▶ _Instructions for the task_:
Write the records out again exactly, leaving no images in.

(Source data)
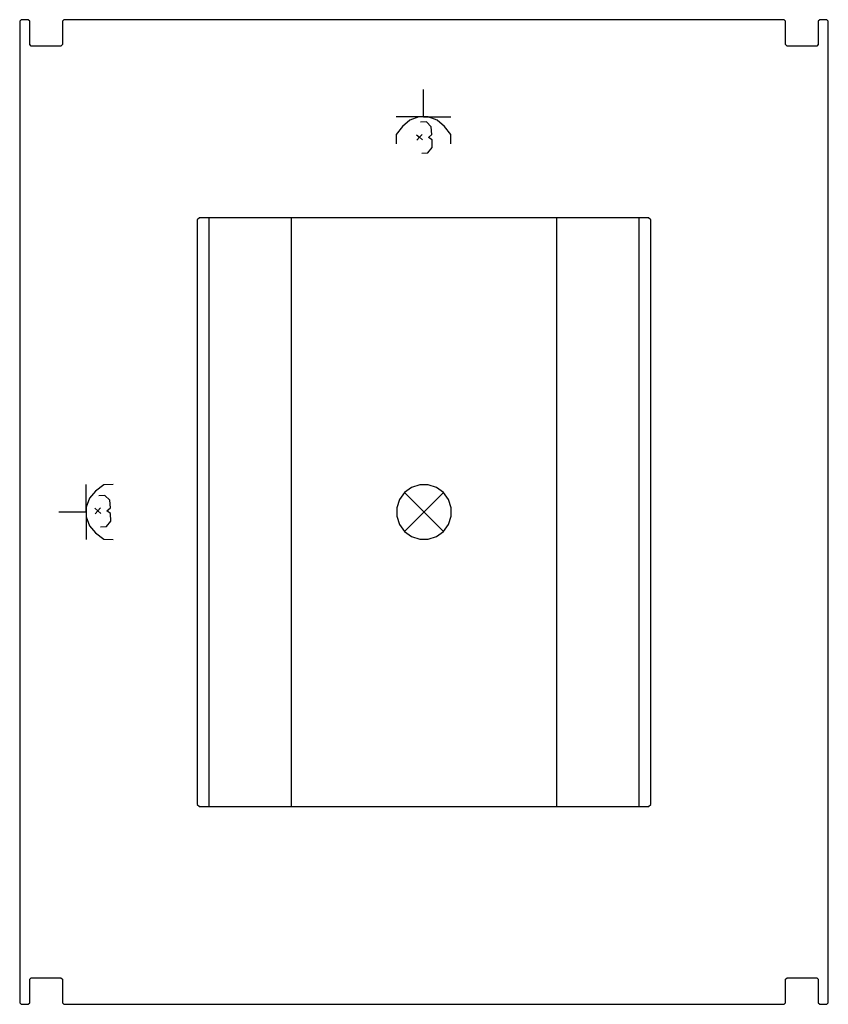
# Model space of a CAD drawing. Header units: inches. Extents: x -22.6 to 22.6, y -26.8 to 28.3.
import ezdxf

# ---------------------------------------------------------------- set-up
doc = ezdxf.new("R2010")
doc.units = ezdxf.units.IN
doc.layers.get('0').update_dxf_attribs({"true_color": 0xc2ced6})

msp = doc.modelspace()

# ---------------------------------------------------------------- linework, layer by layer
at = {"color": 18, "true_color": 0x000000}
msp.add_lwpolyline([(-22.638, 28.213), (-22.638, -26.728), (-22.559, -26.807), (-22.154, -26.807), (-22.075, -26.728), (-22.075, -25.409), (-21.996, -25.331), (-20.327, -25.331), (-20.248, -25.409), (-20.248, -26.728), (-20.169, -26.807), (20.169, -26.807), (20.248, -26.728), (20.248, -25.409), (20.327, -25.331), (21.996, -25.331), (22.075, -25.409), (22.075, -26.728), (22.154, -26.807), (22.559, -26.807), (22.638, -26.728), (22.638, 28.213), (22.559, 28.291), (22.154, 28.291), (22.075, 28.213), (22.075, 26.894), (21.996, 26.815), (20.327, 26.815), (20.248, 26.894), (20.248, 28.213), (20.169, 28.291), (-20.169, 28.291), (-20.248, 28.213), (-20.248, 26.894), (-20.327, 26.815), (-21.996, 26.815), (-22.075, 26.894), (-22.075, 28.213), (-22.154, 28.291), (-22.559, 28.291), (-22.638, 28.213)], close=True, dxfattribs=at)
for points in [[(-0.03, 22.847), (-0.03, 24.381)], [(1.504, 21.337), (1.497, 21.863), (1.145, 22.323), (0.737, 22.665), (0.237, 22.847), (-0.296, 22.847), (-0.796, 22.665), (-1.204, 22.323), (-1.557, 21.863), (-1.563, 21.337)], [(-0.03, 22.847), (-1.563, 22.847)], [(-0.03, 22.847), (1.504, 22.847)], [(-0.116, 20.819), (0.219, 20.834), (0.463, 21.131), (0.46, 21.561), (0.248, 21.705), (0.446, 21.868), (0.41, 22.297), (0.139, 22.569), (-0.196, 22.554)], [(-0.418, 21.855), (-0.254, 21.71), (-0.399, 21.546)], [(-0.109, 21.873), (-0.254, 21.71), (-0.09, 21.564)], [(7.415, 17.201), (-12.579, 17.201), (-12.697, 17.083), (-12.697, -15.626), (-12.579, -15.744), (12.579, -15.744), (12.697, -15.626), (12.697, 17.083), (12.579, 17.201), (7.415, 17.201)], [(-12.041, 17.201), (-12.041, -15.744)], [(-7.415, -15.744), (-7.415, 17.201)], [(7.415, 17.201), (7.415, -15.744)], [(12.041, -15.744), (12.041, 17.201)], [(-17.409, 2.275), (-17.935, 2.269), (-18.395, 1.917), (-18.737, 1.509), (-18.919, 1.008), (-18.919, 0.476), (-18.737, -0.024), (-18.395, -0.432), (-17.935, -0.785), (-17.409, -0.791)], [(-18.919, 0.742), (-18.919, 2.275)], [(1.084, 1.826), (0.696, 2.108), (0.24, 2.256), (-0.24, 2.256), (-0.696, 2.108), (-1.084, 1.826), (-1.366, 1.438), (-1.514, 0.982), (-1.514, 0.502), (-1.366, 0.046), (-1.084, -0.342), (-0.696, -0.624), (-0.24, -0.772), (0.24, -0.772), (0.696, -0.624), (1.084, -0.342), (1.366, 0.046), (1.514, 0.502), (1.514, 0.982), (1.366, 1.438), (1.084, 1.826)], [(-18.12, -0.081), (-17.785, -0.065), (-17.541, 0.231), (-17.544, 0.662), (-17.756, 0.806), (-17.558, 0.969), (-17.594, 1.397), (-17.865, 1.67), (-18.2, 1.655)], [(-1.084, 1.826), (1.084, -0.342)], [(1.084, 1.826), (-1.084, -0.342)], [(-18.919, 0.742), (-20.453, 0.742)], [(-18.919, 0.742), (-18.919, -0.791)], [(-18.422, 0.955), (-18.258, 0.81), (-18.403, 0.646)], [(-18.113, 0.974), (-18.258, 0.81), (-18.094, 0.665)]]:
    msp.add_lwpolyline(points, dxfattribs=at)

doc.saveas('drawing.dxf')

▶ _Exercise solution_:
# Model space of a CAD drawing. Header units: inches. Extents: x -22.6 to 22.6, y -26.8 to 28.3.
import ezdxf

# ---------------------------------------------------------------- set-up
doc = ezdxf.new("R2010")
doc.units = ezdxf.units.IN
doc.layers.get('0').update_dxf_attribs({"true_color": 0xc2ced6})

msp = doc.modelspace()

# ---------------------------------------------------------------- linework, layer by layer
at = {"color": 18, "true_color": 0x000000}
msp.add_lwpolyline([(-22.638, 28.213), (-22.638, -26.728), (-22.559, -26.807), (-22.154, -26.807), (-22.075, -26.728), (-22.075, -25.409), (-21.996, -25.331), (-20.327, -25.331), (-20.248, -25.409), (-20.248, -26.728), (-20.169, -26.807), (20.169, -26.807), (20.248, -26.728), (20.248, -25.409), (20.327, -25.331), (21.996, -25.331), (22.075, -25.409), (22.075, -26.728), (22.154, -26.807), (22.559, -26.807), (22.638, -26.728), (22.638, 28.213), (22.559, 28.291), (22.154, 28.291), (22.075, 28.213), (22.075, 26.894), (21.996, 26.815), (20.327, 26.815), (20.248, 26.894), (20.248, 28.213), (20.169, 28.291), (-20.169, 28.291), (-20.248, 28.213), (-20.248, 26.894), (-20.327, 26.815), (-21.996, 26.815), (-22.075, 26.894), (-22.075, 28.213), (-22.154, 28.291), (-22.559, 28.291), (-22.638, 28.213)], close=True, dxfattribs=at)
for points in [[(-0.03, 22.847), (-0.03, 24.381)], [(1.504, 21.337), (1.497, 21.863), (1.145, 22.323), (0.737, 22.665), (0.237, 22.847), (-0.296, 22.847), (-0.796, 22.665), (-1.204, 22.323), (-1.557, 21.863), (-1.563, 21.337)], [(-0.03, 22.847), (-1.563, 22.847)], [(-0.03, 22.847), (1.504, 22.847)], [(-0.116, 20.819), (0.219, 20.834), (0.463, 21.131), (0.46, 21.561), (0.248, 21.705), (0.446, 21.868), (0.41, 22.297), (0.139, 22.569), (-0.196, 22.554)], [(-0.418, 21.855), (-0.254, 21.71), (-0.399, 21.546)], [(-0.109, 21.873), (-0.254, 21.71), (-0.09, 21.564)], [(7.415, 17.201), (-12.579, 17.201), (-12.697, 17.083), (-12.697, -15.626), (-12.579, -15.744), (12.579, -15.744), (12.697, -15.626), (12.697, 17.083), (12.579, 17.201), (7.415, 17.201)], [(-12.041, 17.201), (-12.041, -15.744)], [(-7.415, -15.744), (-7.415, 17.201)], [(7.415, 17.201), (7.415, -15.744)], [(12.041, -15.744), (12.041, 17.201)], [(-17.409, 2.275), (-17.935, 2.269), (-18.395, 1.917), (-18.737, 1.509), (-18.919, 1.008), (-18.919, 0.476), (-18.737, -0.024), (-18.395, -0.432), (-17.935, -0.785), (-17.409, -0.791)], [(-18.919, 0.742), (-18.919, 2.275)], [(1.084, 1.826), (0.696, 2.108), (0.24, 2.256), (-0.24, 2.256), (-0.696, 2.108), (-1.084, 1.826), (-1.366, 1.438), (-1.514, 0.982), (-1.514, 0.502), (-1.366, 0.046), (-1.084, -0.342), (-0.696, -0.624), (-0.24, -0.772), (0.24, -0.772), (0.696, -0.624), (1.084, -0.342), (1.366, 0.046), (1.514, 0.502), (1.514, 0.982), (1.366, 1.438), (1.084, 1.826)], [(-18.12, -0.081), (-17.785, -0.065), (-17.541, 0.231), (-17.544, 0.662), (-17.756, 0.806), (-17.558, 0.969), (-17.594, 1.397), (-17.865, 1.67), (-18.2, 1.655)], [(-1.084, 1.826), (1.084, -0.342)], [(1.084, 1.826), (-1.084, -0.342)], [(-18.919, 0.742), (-20.453, 0.742)], [(-18.919, 0.742), (-18.919, -0.791)], [(-18.422, 0.955), (-18.258, 0.81), (-18.403, 0.646)], [(-18.113, 0.974), (-18.258, 0.81), (-18.094, 0.665)]]:
    msp.add_lwpolyline(points, dxfattribs=at)

doc.saveas('drawing.dxf')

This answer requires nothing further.